Jeff Gerth, a distinguished former reporter for the New York Times, recently produced a 24,000-word article for the Columbia Journalism Review, examining "the press vs. the president." His exhaustive account of the reporting of Russiagate and other Trump scandals fully supports his main conclusion — that "journalism's primary missions, informing the public and holding powerful interests accountable, have been undermined by the erosion of journalistic norms and the media's own lack of transparency about its work."
Striving to be objective in reporting news — a goal now openly disavowed by some of the profession's leading lights — has been one of those norms.
This rejection of objectivity would be easier to understand (albeit still wrong) if it were part of a larger skepticism about the possibility of "truth." Objectivity and truth, in the ordinary meaning of that term, stand or fall together. It's nonsense to want one but not the other.
Objectivity calls for detachment, for a relating of facts "uncolored by feelings, opinions or personal bias" (as my dictionary puts it). Downie and other doubters seem influenced by the school of thought that says it's impossible to report in such a way. Relating facts involves selecting, arranging and interpreting them. These processes and their outcomes, whether we're aware of it or not, are socially dependent, guided or even determined by outside factors. These might reflect one's "lived experience," as many now like to say, or the conditions of production, as Karl Marx argued, or systemic racism, according to critical race theory. At any rate, there can be no neutral or objective presentation of facts.

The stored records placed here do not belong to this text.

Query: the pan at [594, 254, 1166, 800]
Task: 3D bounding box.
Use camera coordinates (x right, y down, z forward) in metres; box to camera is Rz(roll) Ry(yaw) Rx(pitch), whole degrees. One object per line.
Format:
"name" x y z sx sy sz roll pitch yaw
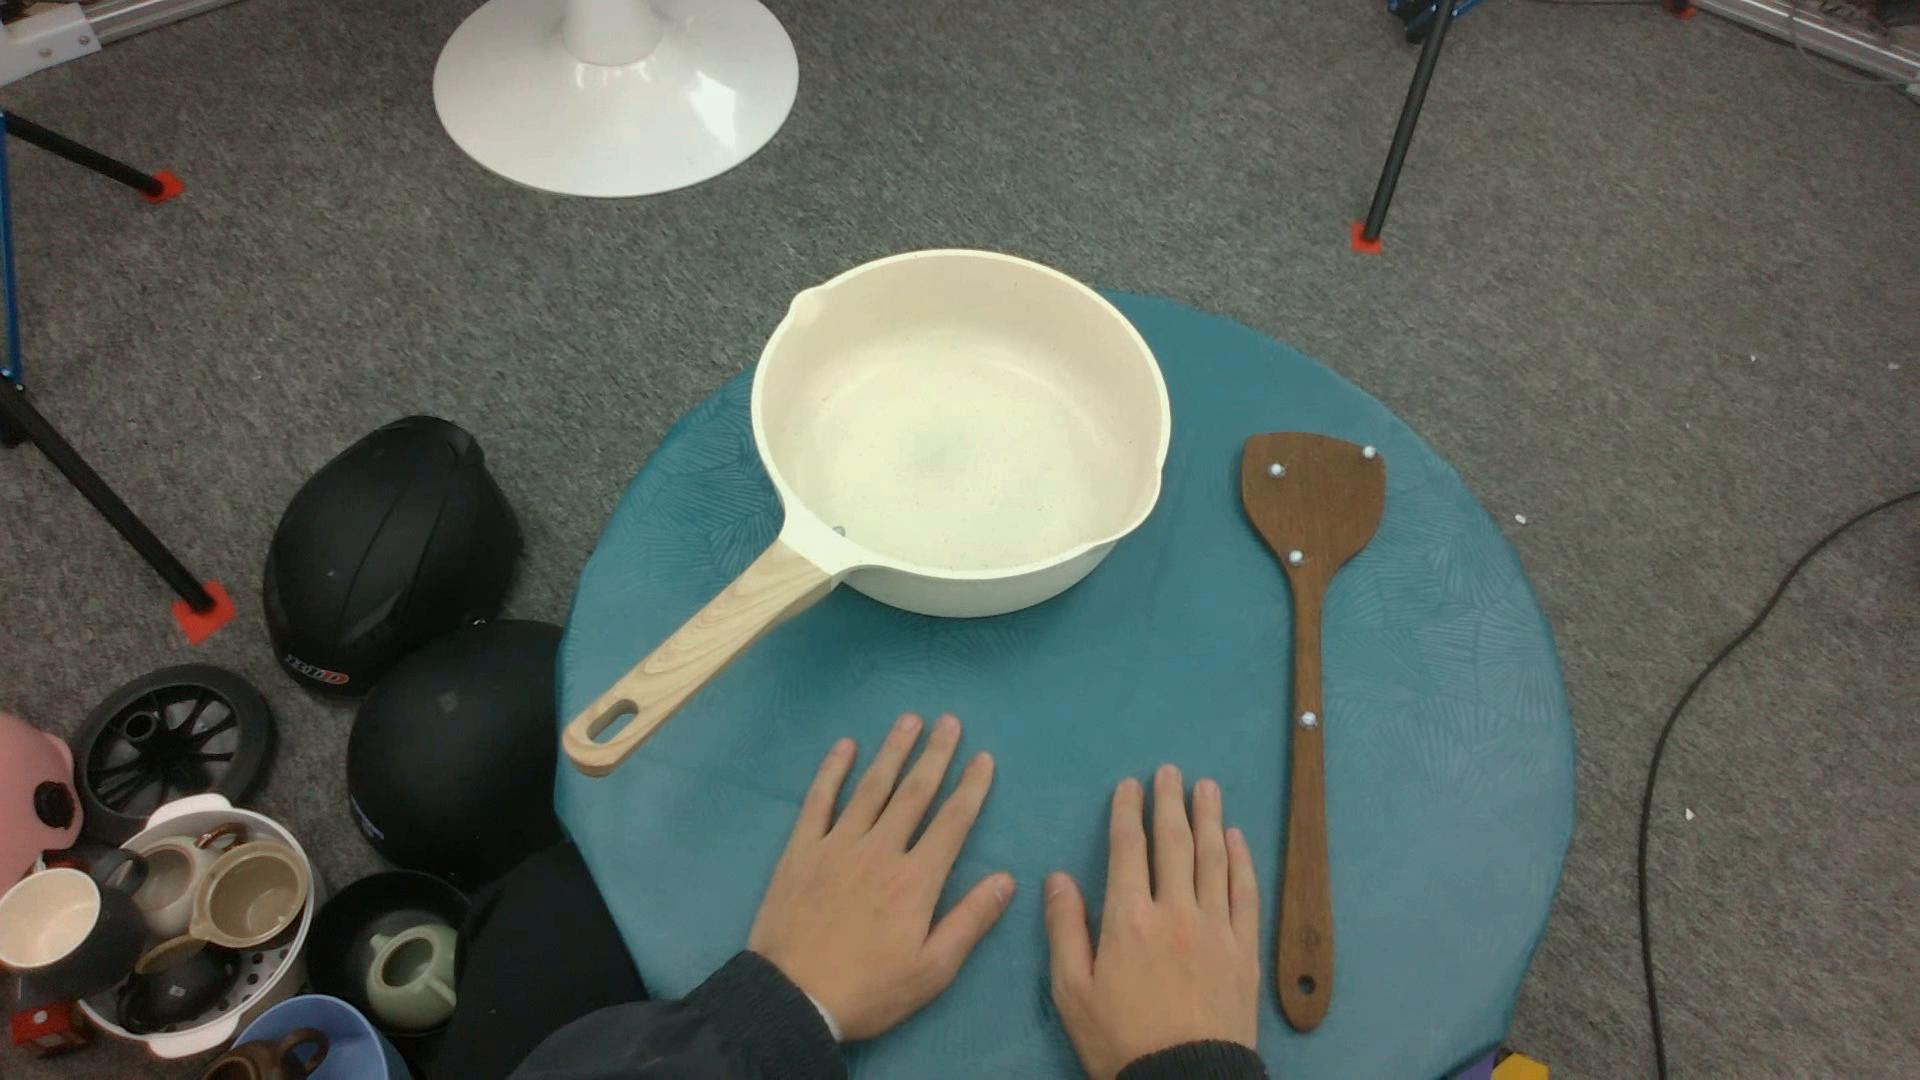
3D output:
"pan" -0.054 -0.002 0.818 0.263 0.101 0.437 32 61 16

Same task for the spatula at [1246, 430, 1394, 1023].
"spatula" 0.217 0.088 0.820 0.096 0.016 0.388 7 57 3

The trouble is, all these objections apply with equal force to "truth." If "objective by whose standard?" refutes objectivity as a principle, then "whose truth?" does the same for truth. There is no truth, only your truth and my truth. If, on the other hand, truth in the ordinary meaning of the term is possible, as most journalists still appear to believe, then it's capable of being sought, and there is something to be objective about.
Granted, a uniformly skeptical position — objectivity is meaningless and truth is socially constructed — would be a tremendous timesaver. All those fact-checking operations could be shut down because there are no actual facts, and suggesting otherwise might be seen as claiming (baselessly) that objectivity is possible. There'd be no point in counting Trump's thousands of lies because Trump's truth is simply different from yours and mine, and who's to say which is valid?

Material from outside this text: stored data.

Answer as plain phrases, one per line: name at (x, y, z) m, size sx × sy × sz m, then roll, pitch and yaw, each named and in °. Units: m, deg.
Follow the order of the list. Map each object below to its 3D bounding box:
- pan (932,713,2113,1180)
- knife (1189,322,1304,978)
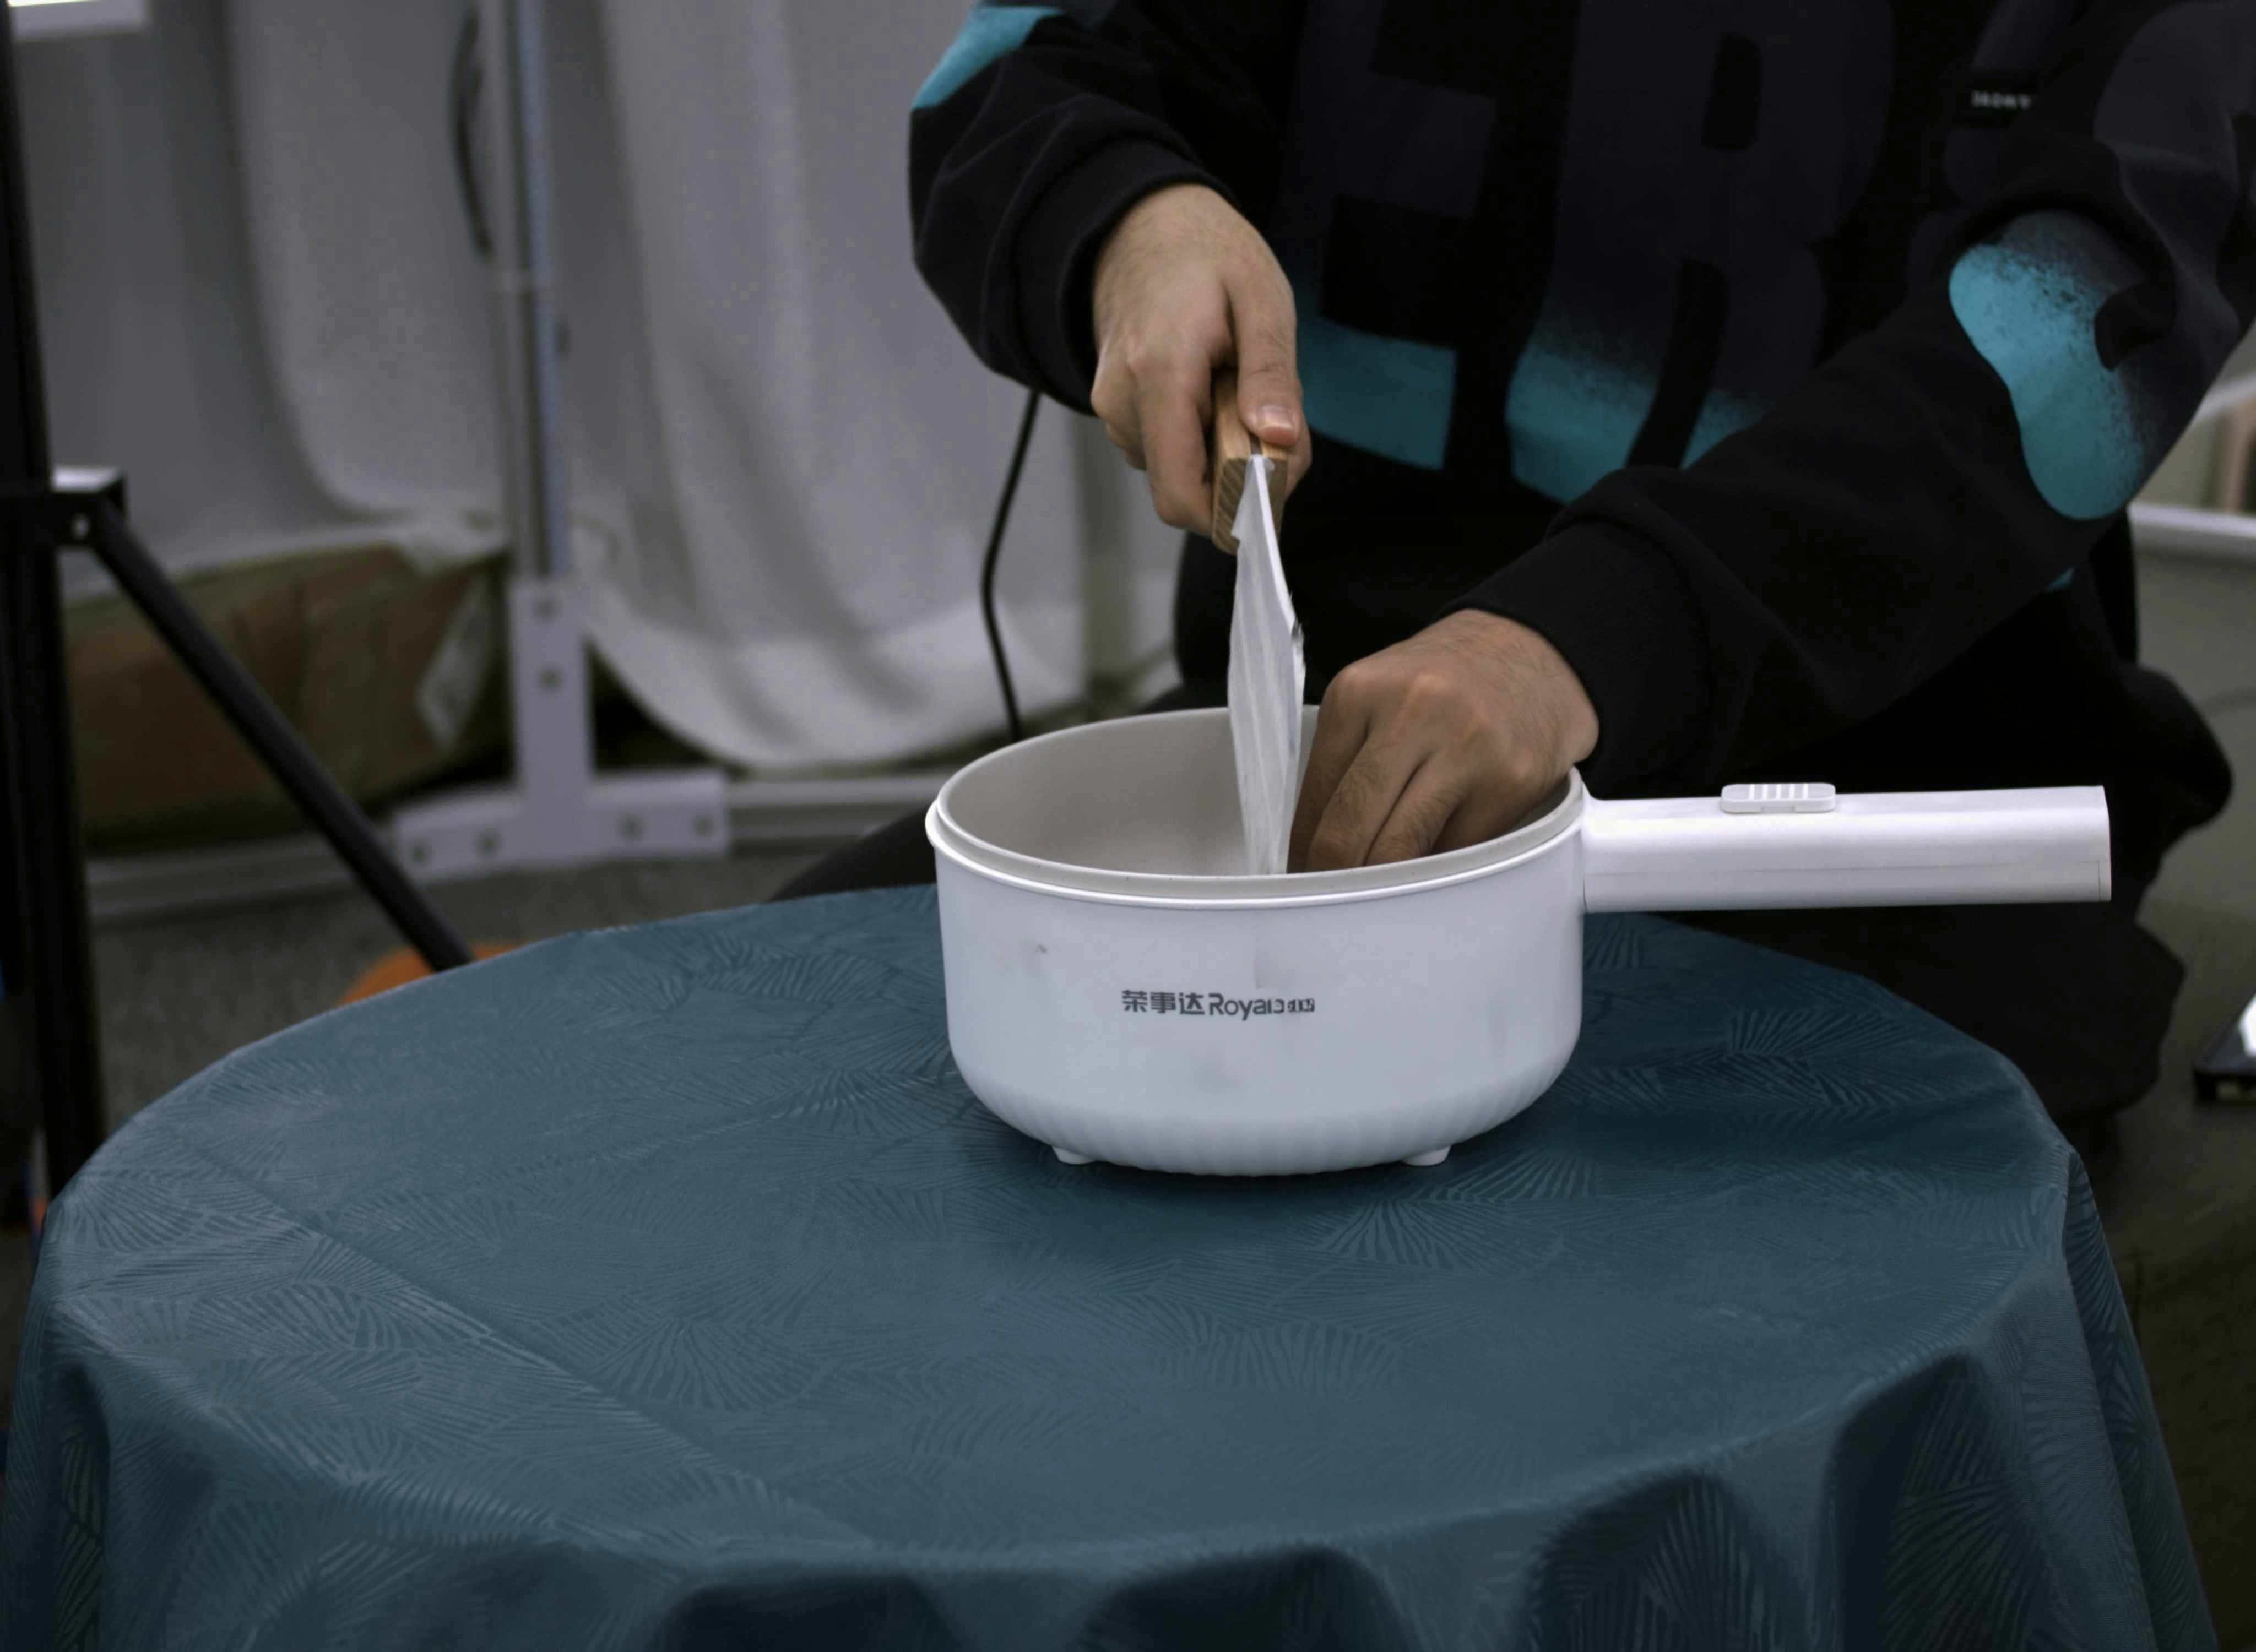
pan at (0.118, 0.039, 1.603) m, size 0.356 × 0.102 × 0.200 m, roll 1°, pitch 15°, yaw 9°
knife at (0.038, -0.072, 1.641) m, size 0.021 × 0.114 × 0.318 m, roll 4°, pitch 32°, yaw -5°

Alternatively, we could agree that there is such a thing as truth, and that striving to set the truth before readers is a vital public service. We could agree that politicians often tell lies and applaud reporters for exposing them. We could agree that getting to the truth is harder than it might seem, while still insisting it's worth the effort.
There's no question, for instance, that issues get neglected because readers prefer not to know, or have been taught not to care. America's racial history and its contemporary legacy is replete with such cases. But this filtering can be overcome — not by casting doubt on the idea of truth, but by insisting on it. We should want to talk about redlining and its consequences. And when we do, we should want to judge rival claims according to whether they're true or false, not by asking whose truth they express.
With that understood, striving for objectivity becomes an intelligible and essential ambition. And it serves two further purposes:
First, the discipline of suspending feelings, opinions and personal bias opens the mind, as Gerth puts it, to "facts that run counter to the prevailing narrative."
Second, it would give readers greater confidence in the news that's set before them.